Consumer Reports Talk About Toy Tablets
Consumer Reports have tested the latest in toy tablets. “Toy tablets don’t have all the whistles and bells that standard tablets do, but their learning apps and kid-friendly content make them ideal for children” said Paul Reynolds, electronic editor, Consumer Report. The tablets were put to trial by the Consumer Report’s lab to see how good they functioned and by children of the appropriate ages to see how much the kids were attracted to them. Each tablet has a color touch-screen display, a few loaded games, and apps. The tabletscan be linked to a PC for new downloads and software upgrades. The Vici Tab is rechargable. The other tablets use AA batteries.
The LeapFrog LeapPad was the most enjoyable. Eight of ten kids would like to possess it. The Fisher Price IXL was commonly liked by younger children and had the longest battery life in the trial. Children liked the games on Vtech Inno Tab the best. The Vinci Tab had the best display and touch-screen of all the tablets. The LeapFrog LeapPad Explorer Learning Tablets sells for $100, the Fisher Price IXL 6-in-1 Learning Systems sells for $80.00, The Vtech Inno Tech Interactive Learning Tablet sells for $80.00 and the Vinici Tab sells for $480.00. The full report is free on http://www.Consumer Reports.org.

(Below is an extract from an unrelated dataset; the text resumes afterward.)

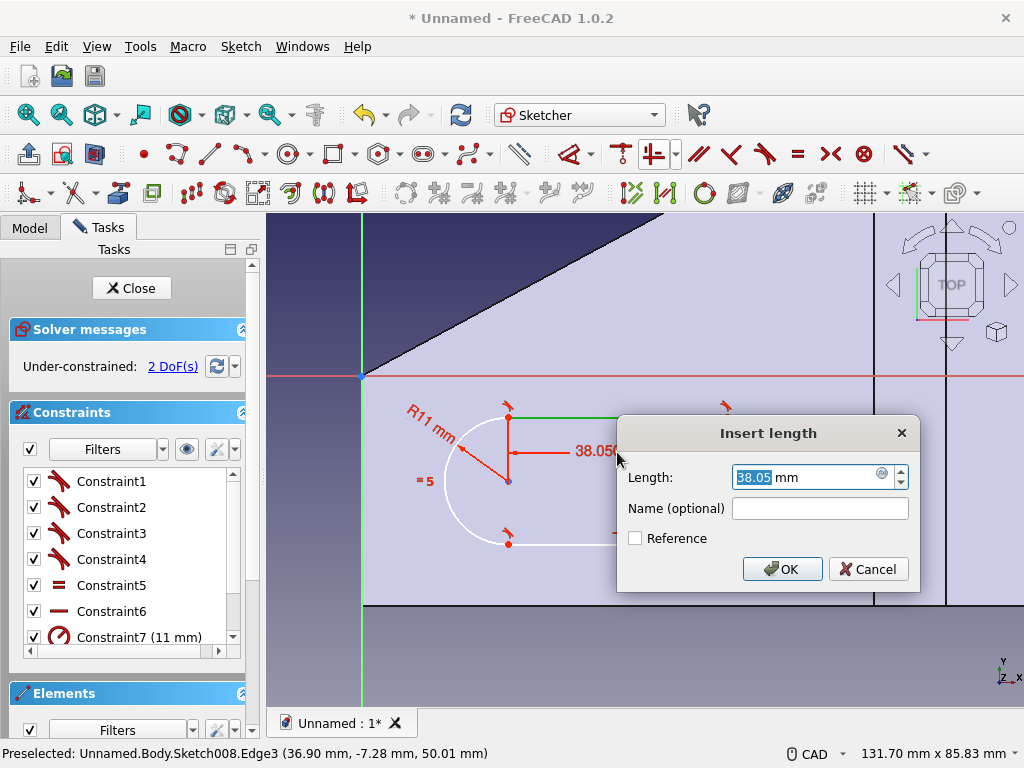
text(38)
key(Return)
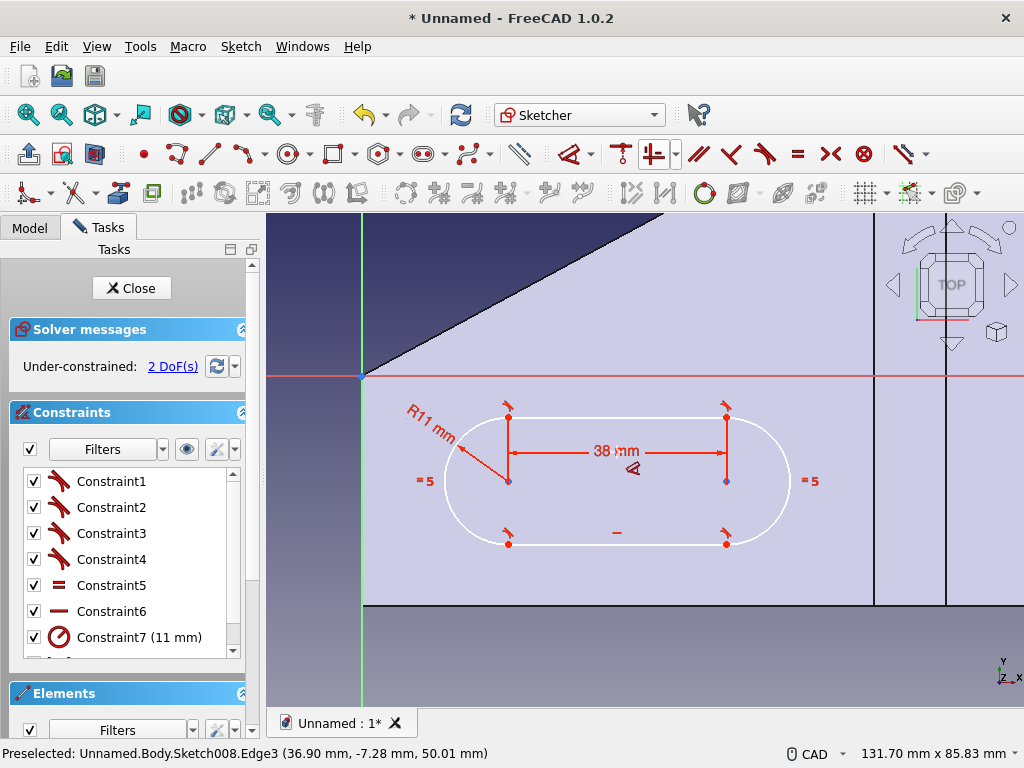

The toy tablets sound like enjoyable toys and make learning fun. How long do the toys tablets last (not counting battery life) with heavy duty use? Are the toy tablets sturdy or fragile? Sometimes kids fight over toys and pull on them.
Here is the official press release:
Consumer Reports Puts Toy Tablets To The Test
LeapFrog LeapPad is Rated Most Fun Overall, Vtech InnoTab Has Best Games
YONKERS, N.Y. , Dec. 7, 2011 /PRNewswire-USNewswire/ — Toy tablets, like their adult-oriented counterparts, figure to be a popular gift item this holiday season. Fourteen percent of Americans plan to give a LeapFrog LeapPad Explorer Learning Tablet ($100) as a present, according to a recent Consumer Reports poll. In addition to the LeapPad, Consumer Reports tested three other tablet-like toys: the Fisher Price iXL 6-in-1 Learning System ($80), and the Vtech InnoTab Interactive Learning Tablet ($80). CR also tested the Vinci Tab ($480), an Android tablet that’s geared toward kids. The full report is available for free online at http://www.ConsumerReports.org.
“Toy tablets don’t have all the bells and whistles that standard tablets do, but their learning apps and kid-friendly content make them ideal for children,” said Paul Reynolds, electronics editor, Consumer Reports.
The tablets were tested both in the Consumer Reports lab to see how well they performed, and by children within the manufacturer-recommended age ranges to see how much kids liked them. Each table features a color touchscreen display, at least a few preloaded learning games and apps, and the ability to connect to a PC for new content downloads and software upgrades. All except the rechargeable Vinci Tab are powered by AA batteries.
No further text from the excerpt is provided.